What is needed
Under this line are the records; write out word for word the part that begins at the line containing "1990 and that in 2010?" and ends at the line containing "Population in 2010?", and no more.
○ ○ ○ ○
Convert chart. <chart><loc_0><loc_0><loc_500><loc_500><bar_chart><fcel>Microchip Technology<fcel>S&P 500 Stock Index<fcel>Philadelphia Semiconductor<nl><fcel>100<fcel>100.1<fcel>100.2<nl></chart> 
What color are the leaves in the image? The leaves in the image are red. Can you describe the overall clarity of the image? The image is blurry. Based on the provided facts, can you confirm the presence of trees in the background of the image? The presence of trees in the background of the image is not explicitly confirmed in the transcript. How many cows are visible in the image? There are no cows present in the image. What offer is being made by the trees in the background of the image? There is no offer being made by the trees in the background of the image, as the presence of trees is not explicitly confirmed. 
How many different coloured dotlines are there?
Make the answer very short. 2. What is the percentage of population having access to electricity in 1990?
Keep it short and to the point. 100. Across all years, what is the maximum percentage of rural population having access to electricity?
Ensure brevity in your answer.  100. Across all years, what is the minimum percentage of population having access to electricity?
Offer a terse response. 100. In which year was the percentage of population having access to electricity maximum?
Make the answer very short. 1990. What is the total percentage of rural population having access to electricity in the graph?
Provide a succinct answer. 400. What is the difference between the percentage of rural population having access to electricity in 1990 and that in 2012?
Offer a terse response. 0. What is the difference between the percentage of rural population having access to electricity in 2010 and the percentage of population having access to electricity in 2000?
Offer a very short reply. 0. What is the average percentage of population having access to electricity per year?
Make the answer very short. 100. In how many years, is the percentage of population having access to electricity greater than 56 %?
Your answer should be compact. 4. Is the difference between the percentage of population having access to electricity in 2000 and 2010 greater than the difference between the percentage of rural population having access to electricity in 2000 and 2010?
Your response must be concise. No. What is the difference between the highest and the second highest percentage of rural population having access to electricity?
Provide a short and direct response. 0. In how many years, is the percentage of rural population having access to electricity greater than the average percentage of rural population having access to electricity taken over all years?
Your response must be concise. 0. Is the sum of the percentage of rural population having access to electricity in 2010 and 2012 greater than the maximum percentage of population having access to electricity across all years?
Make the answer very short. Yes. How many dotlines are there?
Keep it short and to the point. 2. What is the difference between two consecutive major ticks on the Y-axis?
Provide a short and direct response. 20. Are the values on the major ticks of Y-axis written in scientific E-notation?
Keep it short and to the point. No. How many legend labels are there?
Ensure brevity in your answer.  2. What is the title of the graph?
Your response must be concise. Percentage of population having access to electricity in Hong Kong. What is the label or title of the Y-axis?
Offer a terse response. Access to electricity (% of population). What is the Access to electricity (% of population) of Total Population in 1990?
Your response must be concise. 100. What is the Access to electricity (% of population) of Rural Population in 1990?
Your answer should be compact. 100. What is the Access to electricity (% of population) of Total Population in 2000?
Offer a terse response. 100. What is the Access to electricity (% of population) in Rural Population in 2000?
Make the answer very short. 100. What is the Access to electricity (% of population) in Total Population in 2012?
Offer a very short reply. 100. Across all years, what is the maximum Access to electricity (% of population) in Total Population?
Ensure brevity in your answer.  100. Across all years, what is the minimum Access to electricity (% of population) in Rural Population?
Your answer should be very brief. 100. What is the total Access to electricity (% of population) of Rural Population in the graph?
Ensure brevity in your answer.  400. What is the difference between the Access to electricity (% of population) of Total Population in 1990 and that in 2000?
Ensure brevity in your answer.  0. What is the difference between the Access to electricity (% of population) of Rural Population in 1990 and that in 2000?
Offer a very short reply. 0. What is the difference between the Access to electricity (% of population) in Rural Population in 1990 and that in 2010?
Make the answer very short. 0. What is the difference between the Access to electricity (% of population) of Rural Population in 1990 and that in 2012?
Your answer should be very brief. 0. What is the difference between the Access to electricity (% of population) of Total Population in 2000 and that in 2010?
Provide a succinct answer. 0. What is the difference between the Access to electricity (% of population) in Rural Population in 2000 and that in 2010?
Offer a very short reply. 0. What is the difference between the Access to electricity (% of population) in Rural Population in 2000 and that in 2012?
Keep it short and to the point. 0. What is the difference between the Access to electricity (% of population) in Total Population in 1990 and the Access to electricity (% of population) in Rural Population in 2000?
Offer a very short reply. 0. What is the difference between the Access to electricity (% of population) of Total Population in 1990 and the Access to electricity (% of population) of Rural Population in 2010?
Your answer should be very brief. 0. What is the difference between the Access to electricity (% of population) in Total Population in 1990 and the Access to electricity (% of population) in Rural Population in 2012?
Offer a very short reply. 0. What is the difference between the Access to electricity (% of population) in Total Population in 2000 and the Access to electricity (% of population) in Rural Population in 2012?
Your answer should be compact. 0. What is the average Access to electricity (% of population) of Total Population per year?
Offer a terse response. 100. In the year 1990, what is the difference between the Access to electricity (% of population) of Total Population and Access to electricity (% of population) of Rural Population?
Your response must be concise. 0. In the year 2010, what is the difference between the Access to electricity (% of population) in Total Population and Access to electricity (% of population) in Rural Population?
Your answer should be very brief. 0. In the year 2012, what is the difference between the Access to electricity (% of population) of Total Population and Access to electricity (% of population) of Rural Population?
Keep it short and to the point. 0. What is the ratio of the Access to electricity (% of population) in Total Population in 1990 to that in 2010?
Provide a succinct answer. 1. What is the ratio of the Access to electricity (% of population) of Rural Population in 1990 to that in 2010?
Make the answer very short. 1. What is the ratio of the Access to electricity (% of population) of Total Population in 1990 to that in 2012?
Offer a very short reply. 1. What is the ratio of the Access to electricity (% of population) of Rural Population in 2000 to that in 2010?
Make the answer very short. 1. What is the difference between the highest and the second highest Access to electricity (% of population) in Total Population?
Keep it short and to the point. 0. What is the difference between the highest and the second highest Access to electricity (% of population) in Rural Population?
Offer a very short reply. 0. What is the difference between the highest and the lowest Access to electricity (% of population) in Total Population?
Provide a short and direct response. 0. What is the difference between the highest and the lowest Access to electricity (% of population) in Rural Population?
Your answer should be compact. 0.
○ ○ ○ ○
The completed task
Offer a very short reply. 0. What is the difference between the Access to electricity (% of population) in Rural Population in 1990 and that in 2010?
Make the answer very short. 0. What is the difference between the Access to electricity (% of population) of Rural Population in 1990 and that in 2012?
Your answer should be very brief. 0. What is the difference between the Access to electricity (% of population) of Total Population in 2000 and that in 2010?
Provide a succinct answer. 0. What is the difference between the Access to electricity (% of population) in Rural Population in 2000 and that in 2010?
Offer a very short reply. 0. What is the difference between the Access to electricity (% of population) in Rural Population in 2000 and that in 2012?
Keep it short and to the point. 0. What is the difference between the Access to electricity (% of population) in Total Population in 1990 and the Access to electricity (% of population) in Rural Population in 2000?
Offer a very short reply. 0. What is the difference between the Access to electricity (% of population) of Total Population in 1990 and the Access to electricity (% of population) of Rural Population in 2010?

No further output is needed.